The US Federal Reserve has also fined TD Bank and will force the company to move its anti-money laundering office to the United States.

And in a significant part of the agreement, the OCC limits TD Bank’s growth in the United States. While extraordinary, it is not unprecedented for a bank to be watched and have its growth restricted by the U.S. government. Wells Fargo was saddled with similar growth restrictions and a hefty fine in 2018 for “widespread consumer abuse” and has yet to convince regulators to eliminate that asset cap. Wells Fargo previously admitted that its employees responded to wildly unrealistic sales goals by creating as many as 3.5 million fake accounts.

The harsh penalties imposed by regulators on Thursday caught Wall Street off guard. US-listed shares of TD Bank (TD) fell 6% as investors brace for higher legal costs and weaker growth.

TD ensured that the company has sufficient liquidity to pay the fine and continue its operations.

“We believe the market has become increasingly comfortable with the idea that no growth restrictions would be imposed on TD,” John Aiken, an analyst at Jefferies, wrote in a note to clients on Thursday. “TD will need to find a new path for growth from its traditional dependence on US retail banking.”

Officials at the Justice and Treasury departments have grown increasingly concerned about Mexican cartels’ use of the U.S. banking system to launder proceeds from the sale of fentanyl and other drugs, which kill tens of thousands of Americans every year.

Couriers who launder money for the cartels “are opening accounts at banks large and small here in the US,” a senior Treasury Department official told CNN in May.

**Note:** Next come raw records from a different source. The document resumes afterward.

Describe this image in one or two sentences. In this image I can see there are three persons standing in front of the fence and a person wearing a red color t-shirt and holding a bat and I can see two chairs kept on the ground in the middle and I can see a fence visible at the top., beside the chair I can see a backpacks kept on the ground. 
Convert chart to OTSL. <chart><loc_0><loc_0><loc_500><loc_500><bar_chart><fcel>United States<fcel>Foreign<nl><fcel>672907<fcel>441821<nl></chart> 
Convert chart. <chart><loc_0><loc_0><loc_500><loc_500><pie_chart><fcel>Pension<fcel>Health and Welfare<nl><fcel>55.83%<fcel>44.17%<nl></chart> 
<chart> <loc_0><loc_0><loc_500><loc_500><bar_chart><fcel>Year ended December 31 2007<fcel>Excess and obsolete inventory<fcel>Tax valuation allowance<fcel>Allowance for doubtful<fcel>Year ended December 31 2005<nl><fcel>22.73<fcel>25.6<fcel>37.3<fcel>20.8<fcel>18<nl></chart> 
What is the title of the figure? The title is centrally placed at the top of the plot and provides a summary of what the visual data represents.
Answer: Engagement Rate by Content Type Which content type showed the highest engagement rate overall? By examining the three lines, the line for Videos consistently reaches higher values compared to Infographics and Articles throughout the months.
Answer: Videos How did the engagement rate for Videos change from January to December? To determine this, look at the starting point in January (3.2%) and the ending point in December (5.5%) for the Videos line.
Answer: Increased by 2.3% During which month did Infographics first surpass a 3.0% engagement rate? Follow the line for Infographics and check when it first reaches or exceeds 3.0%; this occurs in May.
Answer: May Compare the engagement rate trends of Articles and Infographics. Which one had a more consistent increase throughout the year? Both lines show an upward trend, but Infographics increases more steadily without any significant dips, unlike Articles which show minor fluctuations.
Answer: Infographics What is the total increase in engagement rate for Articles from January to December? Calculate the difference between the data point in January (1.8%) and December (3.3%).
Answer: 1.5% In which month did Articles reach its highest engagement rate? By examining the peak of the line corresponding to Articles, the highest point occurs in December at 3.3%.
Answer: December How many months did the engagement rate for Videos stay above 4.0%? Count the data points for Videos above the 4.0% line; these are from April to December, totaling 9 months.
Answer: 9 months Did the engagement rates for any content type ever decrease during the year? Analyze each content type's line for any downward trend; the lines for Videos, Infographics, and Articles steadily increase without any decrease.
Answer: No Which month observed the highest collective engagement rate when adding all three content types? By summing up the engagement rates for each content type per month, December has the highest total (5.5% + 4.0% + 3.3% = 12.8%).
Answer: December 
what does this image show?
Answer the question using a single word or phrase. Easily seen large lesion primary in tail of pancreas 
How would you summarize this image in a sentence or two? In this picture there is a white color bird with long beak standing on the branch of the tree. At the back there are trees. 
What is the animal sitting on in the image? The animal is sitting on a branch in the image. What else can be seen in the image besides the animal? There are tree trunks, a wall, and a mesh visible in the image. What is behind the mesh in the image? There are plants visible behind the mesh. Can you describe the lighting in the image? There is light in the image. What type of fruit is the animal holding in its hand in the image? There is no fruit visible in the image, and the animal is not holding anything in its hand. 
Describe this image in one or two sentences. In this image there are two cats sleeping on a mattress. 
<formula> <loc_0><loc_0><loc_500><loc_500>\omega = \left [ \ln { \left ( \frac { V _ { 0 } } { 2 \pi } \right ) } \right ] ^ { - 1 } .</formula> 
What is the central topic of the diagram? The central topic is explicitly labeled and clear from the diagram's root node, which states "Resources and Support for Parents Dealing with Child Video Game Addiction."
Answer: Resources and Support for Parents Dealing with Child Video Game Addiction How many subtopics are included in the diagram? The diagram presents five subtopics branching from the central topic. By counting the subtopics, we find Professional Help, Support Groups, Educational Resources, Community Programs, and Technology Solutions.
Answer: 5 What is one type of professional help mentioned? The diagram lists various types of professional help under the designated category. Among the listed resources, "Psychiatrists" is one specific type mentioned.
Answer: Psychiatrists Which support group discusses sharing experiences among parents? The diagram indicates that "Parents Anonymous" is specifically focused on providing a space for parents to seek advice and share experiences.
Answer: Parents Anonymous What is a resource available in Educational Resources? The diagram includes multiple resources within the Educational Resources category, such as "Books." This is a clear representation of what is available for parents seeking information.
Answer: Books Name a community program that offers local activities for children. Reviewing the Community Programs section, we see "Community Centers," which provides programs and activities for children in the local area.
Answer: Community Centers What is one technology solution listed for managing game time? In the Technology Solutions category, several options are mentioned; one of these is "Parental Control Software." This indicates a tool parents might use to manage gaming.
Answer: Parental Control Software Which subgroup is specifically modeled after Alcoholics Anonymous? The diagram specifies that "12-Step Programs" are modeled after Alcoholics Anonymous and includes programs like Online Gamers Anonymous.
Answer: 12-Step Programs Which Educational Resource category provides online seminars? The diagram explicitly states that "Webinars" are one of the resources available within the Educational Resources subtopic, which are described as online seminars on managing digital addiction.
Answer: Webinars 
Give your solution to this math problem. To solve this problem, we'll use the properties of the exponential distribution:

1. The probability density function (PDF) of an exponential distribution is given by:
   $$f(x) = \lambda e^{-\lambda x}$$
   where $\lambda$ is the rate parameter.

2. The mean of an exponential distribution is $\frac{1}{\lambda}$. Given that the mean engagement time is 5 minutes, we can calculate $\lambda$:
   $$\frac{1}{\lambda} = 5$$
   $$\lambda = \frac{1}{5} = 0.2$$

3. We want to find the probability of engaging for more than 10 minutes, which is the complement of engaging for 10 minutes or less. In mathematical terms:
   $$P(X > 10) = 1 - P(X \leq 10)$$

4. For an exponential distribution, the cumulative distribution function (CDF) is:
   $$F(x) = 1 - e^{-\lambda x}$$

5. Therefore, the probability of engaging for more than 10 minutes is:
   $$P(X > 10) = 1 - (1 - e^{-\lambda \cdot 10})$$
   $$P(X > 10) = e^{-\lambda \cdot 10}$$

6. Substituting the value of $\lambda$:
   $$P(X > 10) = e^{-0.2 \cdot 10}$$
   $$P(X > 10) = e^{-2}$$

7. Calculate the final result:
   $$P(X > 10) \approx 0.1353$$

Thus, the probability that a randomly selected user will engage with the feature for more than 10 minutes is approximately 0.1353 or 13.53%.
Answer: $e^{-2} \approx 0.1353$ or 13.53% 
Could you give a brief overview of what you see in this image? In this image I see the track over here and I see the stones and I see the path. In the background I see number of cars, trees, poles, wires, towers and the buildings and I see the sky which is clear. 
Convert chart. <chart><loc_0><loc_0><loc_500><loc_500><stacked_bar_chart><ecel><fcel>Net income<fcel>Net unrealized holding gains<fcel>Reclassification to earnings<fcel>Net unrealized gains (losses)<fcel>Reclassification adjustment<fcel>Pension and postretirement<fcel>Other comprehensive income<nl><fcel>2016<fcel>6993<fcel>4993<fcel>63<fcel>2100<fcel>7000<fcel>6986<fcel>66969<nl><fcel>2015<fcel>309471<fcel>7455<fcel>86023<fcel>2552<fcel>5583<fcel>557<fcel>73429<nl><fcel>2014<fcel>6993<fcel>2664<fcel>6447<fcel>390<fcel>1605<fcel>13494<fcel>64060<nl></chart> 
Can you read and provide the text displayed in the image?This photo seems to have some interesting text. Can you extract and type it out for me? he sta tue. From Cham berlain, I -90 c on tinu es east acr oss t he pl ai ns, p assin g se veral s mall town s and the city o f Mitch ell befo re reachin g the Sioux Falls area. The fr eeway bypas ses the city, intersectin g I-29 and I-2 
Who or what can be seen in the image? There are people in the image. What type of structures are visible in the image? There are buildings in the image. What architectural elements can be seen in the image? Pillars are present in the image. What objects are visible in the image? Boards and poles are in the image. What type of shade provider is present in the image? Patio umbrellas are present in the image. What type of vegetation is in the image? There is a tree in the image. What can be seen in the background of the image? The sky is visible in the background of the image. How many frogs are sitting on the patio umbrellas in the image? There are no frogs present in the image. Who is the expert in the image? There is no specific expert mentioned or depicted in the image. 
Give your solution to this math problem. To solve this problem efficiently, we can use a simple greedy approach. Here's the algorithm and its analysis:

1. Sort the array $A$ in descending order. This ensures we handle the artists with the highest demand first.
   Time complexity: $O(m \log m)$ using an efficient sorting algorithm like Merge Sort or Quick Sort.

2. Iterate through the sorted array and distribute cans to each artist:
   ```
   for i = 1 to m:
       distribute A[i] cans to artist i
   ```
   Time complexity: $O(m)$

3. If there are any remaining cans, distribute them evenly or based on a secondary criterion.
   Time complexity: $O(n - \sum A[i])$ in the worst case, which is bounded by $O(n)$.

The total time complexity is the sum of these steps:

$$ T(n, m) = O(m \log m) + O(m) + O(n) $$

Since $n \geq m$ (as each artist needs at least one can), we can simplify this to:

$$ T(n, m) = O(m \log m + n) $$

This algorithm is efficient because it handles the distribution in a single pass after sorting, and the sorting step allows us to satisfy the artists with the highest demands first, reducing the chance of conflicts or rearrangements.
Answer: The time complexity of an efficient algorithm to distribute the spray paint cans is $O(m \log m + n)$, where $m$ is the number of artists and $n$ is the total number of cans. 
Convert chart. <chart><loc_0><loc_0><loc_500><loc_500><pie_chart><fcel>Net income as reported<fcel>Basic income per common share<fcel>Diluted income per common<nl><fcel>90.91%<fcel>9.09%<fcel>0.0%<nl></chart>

Treasury Department and IRS officials earlier this year began briefing U.S. banks and social media companies, on whose platforms the drugs are often bought and sold, to get a clearer picture of how the cartels’ financial exploit the system, CNN reports.

A focus of the meetings, the Treasury official said, is how to use intelligence provided by smaller banks that can spot money laundering fronts in their communities.

Because of the seriousness of the charges, some critics, including Democratic Massachusetts Sen. Elizabeth Warren, said the sentences did not go far enough.

“Major banks view government fines as the cost of doing business,” Warren said in a statement. “This settlement ensures that bad bank executives can go free for allowing TD Bank to be used as a criminal slush fund. The Department of Justice and the Office of the Comptroller of the Currency must do a better job enforcing our anti-money laundering laws.”

Last year, TD Bank paid $1.2 billion to settle a lawsuit alleging involvement in a notorious $7 billion Ponzi scheme orchestrated by disgraced financier Allen Stanford more than a decade ago.

The money was used to reimburse victims of the scheme, but the bank denied any wrongdoing.

This is a breaking news story. It will be updated.